Ten years later, they were both fighting for their nation against Axis powers in World War II. Technological advancements dreamed of in 1932 had been incorporated in the tanks, bombers, and warships with which a generation of young Americans waged war.
I always left the ruins of that old log house with something to think about. Mainly, I was struck with what captured the popular imagination of poor dirt farmers in 1932. Their newspapers catered to what they wanted to read: stories of hope, stories about better days just around the corner.
The bad news was buried or shifted to the inside pages. Today, we look back and wonder how our preceding generation didn’t see the threat forming, the dark clouds looming on the global horizon.
Those old newsprint pages, varnished yellow on the plaster walls, explained it for me. After so many years of despair, people grasped for any good news, any prophesy of redemption from their economic and spiritual travails.
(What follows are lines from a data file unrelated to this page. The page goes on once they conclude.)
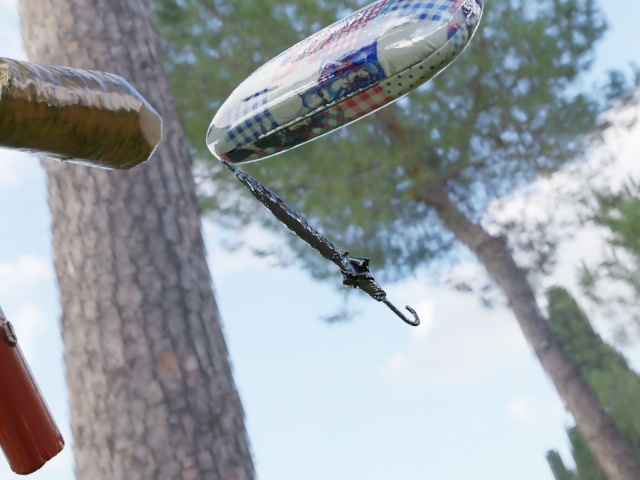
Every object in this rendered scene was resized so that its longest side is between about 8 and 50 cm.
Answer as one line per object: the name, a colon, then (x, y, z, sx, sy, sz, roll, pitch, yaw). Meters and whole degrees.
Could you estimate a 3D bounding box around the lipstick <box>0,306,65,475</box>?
lipstick: (-0.352, 0.112, 1.387, 0.073, 0.279, 0.073, -22, 14, 6)

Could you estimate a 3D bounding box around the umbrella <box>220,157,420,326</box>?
umbrella: (-0.001, 0.002, 0.754, 0.022, 0.149, 0.022, -52, 0, 24)

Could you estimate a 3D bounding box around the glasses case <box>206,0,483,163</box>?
glasses case: (0.016, -0.160, 1.277, 0.327, 0.125, 0.076, -22, -60, 39)

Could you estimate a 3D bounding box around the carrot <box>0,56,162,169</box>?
carrot: (-0.295, -0.144, 1.477, 0.114, 0.114, 0.302, -33, -19, 25)
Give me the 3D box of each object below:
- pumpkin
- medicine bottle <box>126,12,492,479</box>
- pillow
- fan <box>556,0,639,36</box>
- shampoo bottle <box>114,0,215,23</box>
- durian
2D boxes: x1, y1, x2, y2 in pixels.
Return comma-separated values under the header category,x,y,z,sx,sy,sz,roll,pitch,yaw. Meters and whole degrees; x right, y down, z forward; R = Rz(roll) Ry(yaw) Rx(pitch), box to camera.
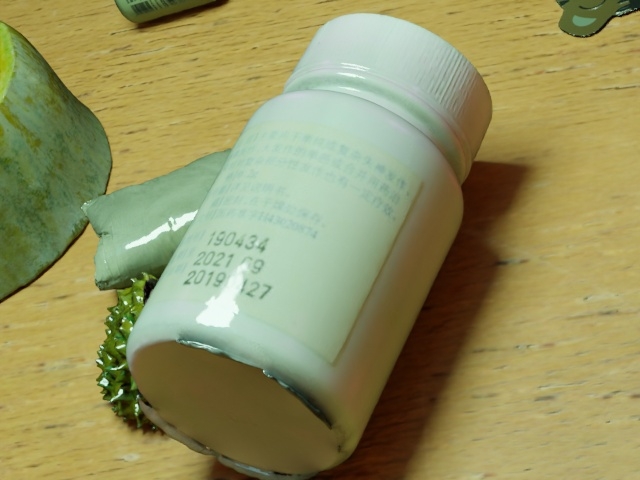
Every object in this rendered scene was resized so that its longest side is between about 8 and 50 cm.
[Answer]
category,x,y,z,sx,sy,sz,roll,pitch,yaw
pumpkin,-0.411,-0.087,2.046,0.332,0.199,0.332,-17,47,19
medicine bottle,0.000,0.000,1.694,0.213,0.213,0.379,5,53,35
pillow,-0.138,-0.018,1.889,0.181,0.078,0.134,-22,27,4
fan,0.290,-0.295,1.949,0.152,0.008,0.227,-23,43,12
shampoo bottle,-0.149,-0.297,2.167,0.162,0.079,0.079,-14,45,20
durian,-0.168,0.089,1.789,0.119,0.108,0.187,-24,42,9
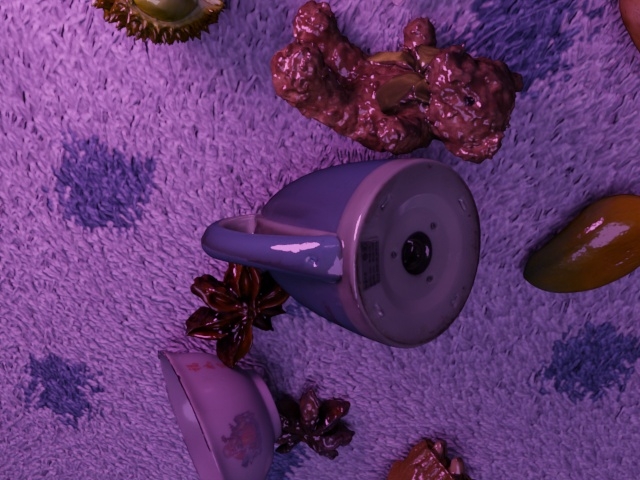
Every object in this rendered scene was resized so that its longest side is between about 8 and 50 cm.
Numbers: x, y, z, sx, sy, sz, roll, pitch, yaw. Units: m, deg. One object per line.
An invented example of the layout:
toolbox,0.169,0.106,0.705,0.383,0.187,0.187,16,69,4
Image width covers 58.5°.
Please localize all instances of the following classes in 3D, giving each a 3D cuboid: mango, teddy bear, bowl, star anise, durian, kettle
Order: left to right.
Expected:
durian,-0.218,-0.372,0.734,0.200,0.176,0.237,-15,110,-40
bowl,-0.174,0.342,1.087,0.157,0.345,0.346,-20,120,-24
star anise,-0.141,0.111,1.032,0.220,0.126,0.190,-39,113,-10
star anise,-0.026,0.383,1.194,0.212,0.073,0.197,8,120,-4
kettle,0.000,0.000,0.838,0.319,0.342,0.247,-1,97,-40
teddy bear,0.109,-0.222,0.785,0.296,0.247,0.222,38,140,-27
mango,0.469,0.016,0.971,0.137,0.091,0.237,38,119,-10

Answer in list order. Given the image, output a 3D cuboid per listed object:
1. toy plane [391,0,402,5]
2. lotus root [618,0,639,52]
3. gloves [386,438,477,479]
toy plane,0.076,-0.421,0.762,0.234,0.082,0.160,44,138,-19
lotus root,0.529,-0.284,0.778,0.284,0.146,0.160,41,133,-21
gloves,0.224,0.594,1.249,0.202,0.155,0.357,18,114,-11
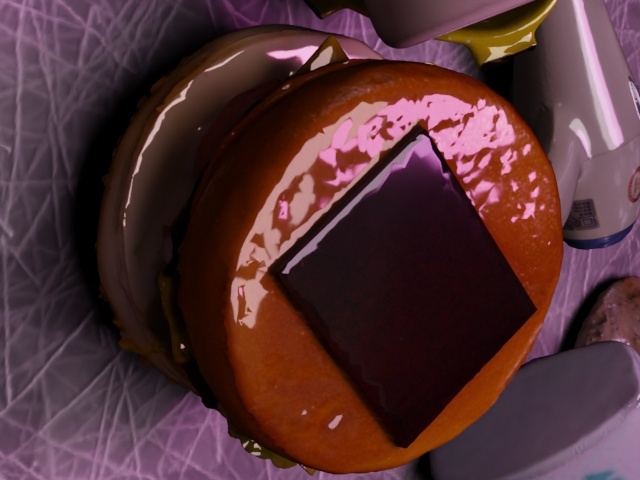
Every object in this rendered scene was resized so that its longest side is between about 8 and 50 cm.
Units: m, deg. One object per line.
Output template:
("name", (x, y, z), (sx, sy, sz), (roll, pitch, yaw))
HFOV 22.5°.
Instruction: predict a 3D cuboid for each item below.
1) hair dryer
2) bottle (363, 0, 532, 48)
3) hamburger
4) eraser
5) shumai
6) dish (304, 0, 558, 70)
("hair dryer", (0.168, -0.115, 1.197), (0.298, 0.119, 0.296), (-31, 117, -63))
("bottle", (0.066, -0.249, 0.989), (0.147, 0.147, 0.236), (-25, 96, -36))
("hamburger", (0.000, 0.000, 1.039), (0.291, 0.225, 0.291), (-9, 106, -33))
("eraser", (0.243, 0.212, 1.333), (0.189, 0.104, 0.290), (-34, 129, 16))
("shumai", (0.313, 0.130, 1.413), (0.201, 0.120, 0.201), (-8, 102, -44))
("dish", (0.088, -0.254, 1.126), (0.221, 0.108, 0.262), (15, 88, -2))
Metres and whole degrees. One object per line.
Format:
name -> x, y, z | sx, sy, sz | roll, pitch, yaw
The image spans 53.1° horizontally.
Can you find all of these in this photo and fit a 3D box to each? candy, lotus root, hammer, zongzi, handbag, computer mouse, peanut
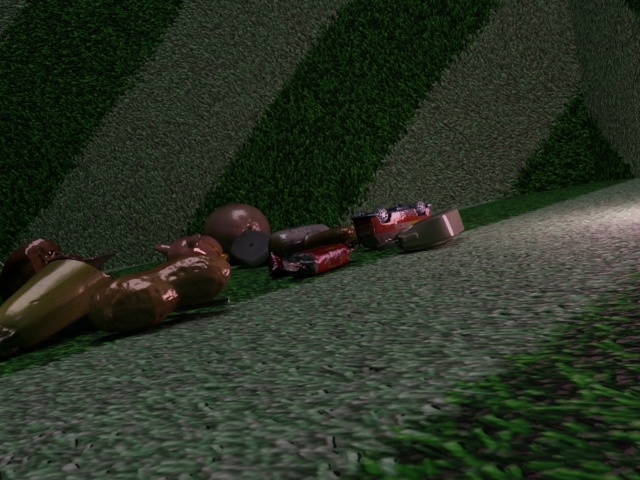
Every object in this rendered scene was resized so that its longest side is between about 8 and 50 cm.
candy -> -0.002, 0.047, 1.556 | 0.086, 0.059, 0.292 | -3, 7, 39
lotus root -> -0.622, 0.103, 1.456 | 0.193, 0.193, 0.291 | -13, -14, -38
hammer -> 0.000, 0.000, 1.761 | 0.202, 0.113, 0.306 | -16, 1, -35
zongzi -> -0.094, 0.073, 1.601 | 0.074, 0.067, 0.083 | 1, 21, -6
handbag -> 0.266, -0.014, 1.725 | 0.219, 0.079, 0.256 | -20, -1, 23
computer mouse -> -0.212, 0.032, 2.089 | 0.128, 0.079, 0.231 | -50, 30, -11
peanut -> -0.281, 0.092, 1.145 | 0.263, 0.101, 0.117 | -22, 42, -28

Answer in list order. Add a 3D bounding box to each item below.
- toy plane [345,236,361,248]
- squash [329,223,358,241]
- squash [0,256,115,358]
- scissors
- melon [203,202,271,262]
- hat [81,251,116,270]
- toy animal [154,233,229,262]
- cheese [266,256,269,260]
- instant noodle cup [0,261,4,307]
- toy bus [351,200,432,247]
toy plane -> 0.092, 0.015, 2.014 | 0.145, 0.037, 0.060 | -14, 9, -33
squash -> 0.067, -0.017, 2.315 | 0.219, 0.068, 0.077 | -10, -18, -20
squash -> -0.525, 0.122, 1.167 | 0.137, 0.137, 0.287 | -8, 18, 31
scissors -> -0.367, 0.143, 1.272 | 0.448, 0.029, 0.193 | -9, 4, 25
melon -> -0.306, -0.026, 2.340 | 0.223, 0.222, 0.317 | -12, 5, -31
hat -> -0.708, 0.119, 1.838 | 0.258, 0.130, 0.257 | -10, 3, 0
toy animal -> -0.397, 0.051, 2.066 | 0.165, 0.149, 0.248 | -25, -11, 12
cheese -> -0.073, 0.026, 2.192 | 0.252, 0.054, 0.127 | -11, 7, -29
instant noodle cup -> -0.895, 0.153, 1.548 | 0.207, 0.206, 0.232 | -10, 12, 7
toy bus -> 0.220, -0.048, 1.952 | 0.265, 0.119, 0.121 | -12, 4, -37
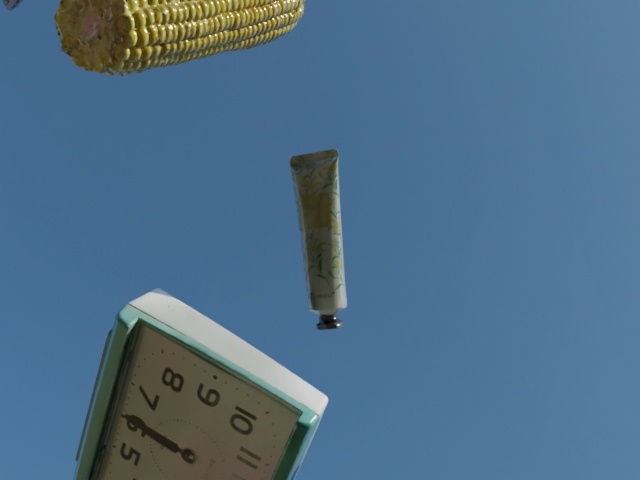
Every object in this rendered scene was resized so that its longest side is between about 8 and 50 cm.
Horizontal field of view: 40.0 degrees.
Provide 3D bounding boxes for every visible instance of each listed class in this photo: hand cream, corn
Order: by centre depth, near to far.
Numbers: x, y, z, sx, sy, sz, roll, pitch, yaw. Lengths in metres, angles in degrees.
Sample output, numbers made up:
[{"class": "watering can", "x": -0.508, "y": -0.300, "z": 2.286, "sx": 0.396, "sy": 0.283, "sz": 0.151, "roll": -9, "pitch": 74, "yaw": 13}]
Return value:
[{"class": "corn", "x": -0.096, "y": -0.185, "z": 0.696, "sx": 0.081, "sy": 0.248, "sz": 0.081, "roll": 12, "pitch": -66, "yaw": 29}, {"class": "hand cream", "x": 0.000, "y": 0.000, "z": 0.960, "sx": 0.067, "sy": 0.042, "sz": 0.195, "roll": -7, "pitch": -91, "yaw": 39}]

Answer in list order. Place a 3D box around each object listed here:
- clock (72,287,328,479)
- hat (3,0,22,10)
[{"class": "clock", "x": -0.127, "y": 0.204, "z": 0.938, "sx": 0.231, "sy": 0.116, "sz": 0.262, "roll": 28, "pitch": -58, "yaw": 11}, {"class": "hat", "x": -0.241, "y": -0.357, "z": 1.089, "sx": 0.233, "sy": 0.244, "sz": 0.234, "roll": 15, "pitch": -77, "yaw": -33}]
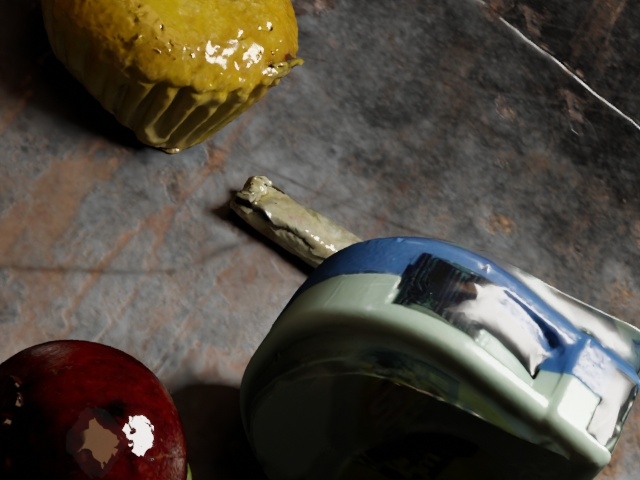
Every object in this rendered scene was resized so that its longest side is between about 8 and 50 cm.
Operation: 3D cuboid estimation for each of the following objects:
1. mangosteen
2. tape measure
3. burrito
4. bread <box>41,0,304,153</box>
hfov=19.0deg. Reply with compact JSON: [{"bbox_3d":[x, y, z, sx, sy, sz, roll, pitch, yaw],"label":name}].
[{"bbox_3d":[-0.161,0.165,1.321,0.199,0.200,0.200,19,46,-22],"label":"mangosteen"},{"bbox_3d":[0.076,0.128,1.439,0.262,0.259,0.138,32,43,-8],"label":"tape measure"},{"bbox_3d":[-0.001,0.001,1.654,0.171,0.042,0.051,31,44,-6],"label":"burrito"},{"bbox_3d":[-0.136,-0.196,1.646,0.240,0.139,0.240,20,46,-22],"label":"bread"}]
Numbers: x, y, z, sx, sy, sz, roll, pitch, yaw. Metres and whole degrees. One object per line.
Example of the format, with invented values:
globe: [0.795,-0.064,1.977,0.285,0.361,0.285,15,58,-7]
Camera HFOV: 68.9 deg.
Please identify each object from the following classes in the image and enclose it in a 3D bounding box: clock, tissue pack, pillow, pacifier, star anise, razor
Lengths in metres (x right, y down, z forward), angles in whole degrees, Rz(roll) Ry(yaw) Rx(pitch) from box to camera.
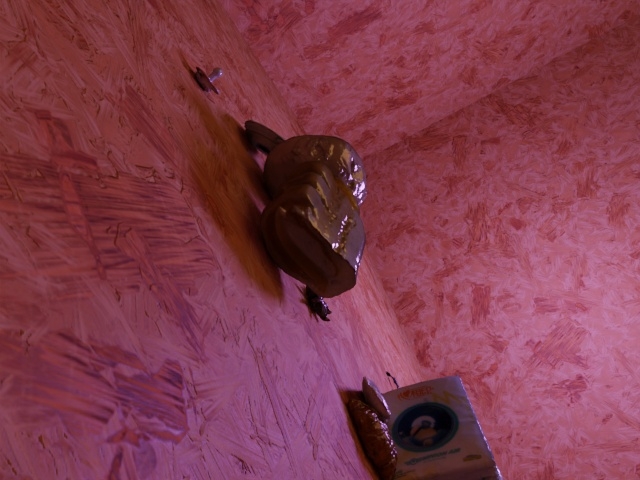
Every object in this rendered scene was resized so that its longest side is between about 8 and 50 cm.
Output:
clock: [-0.173,-0.326,1.619,0.236,0.053,0.236,34,-6,4]
tissue pack: [0.340,0.590,1.386,0.388,0.288,0.162,-85,158,-72]
pillow: [0.157,0.468,1.345,0.128,0.051,0.229,57,-10,25]
pacifier: [-0.327,-0.487,1.390,0.081,0.078,0.099,43,-6,43]
star anise: [-0.008,0.180,1.378,0.141,0.042,0.141,61,6,-12]
razor: [0.318,0.622,1.965,0.044,0.028,0.154,52,14,-50]

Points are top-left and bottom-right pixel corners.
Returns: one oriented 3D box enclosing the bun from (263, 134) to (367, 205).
bun: [-0.021,-0.188,1.522,0.362,0.326,0.234,27,57,-50]

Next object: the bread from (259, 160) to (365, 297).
bread: [-0.019,-0.045,1.283,0.300,0.210,0.341,51,32,-25]

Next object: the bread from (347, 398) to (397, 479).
bread: [0.147,0.514,1.216,0.233,0.076,0.105,63,8,6]
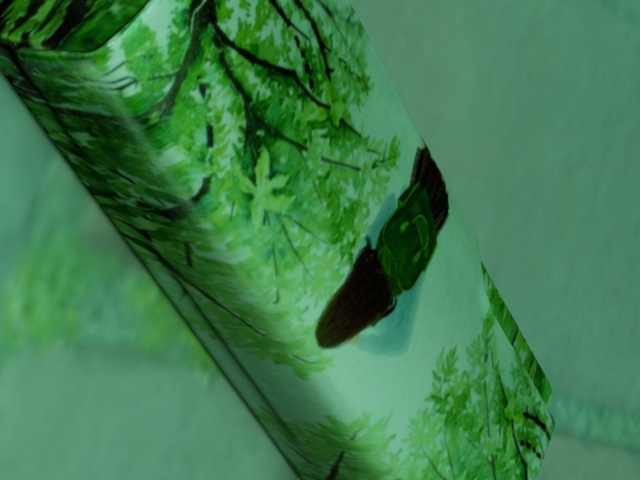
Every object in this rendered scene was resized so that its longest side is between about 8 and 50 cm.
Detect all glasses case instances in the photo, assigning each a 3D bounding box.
[{"bbox_3d":[0.000,0.000,0.625,0.095,0.062,0.272,-55,136,-23],"label":"glasses case"}]

Just like today, they cheered to see new plants sprouting in the garden of hope and didn’t notice the weeds growing in dim, out-of-the-way places.
I never took anything from the old house except a better understanding of how we perceive history as it is happening and, generations later, in hindsight. We can’t blame our forefathers for not seeing, and I hope our children don’t blame us.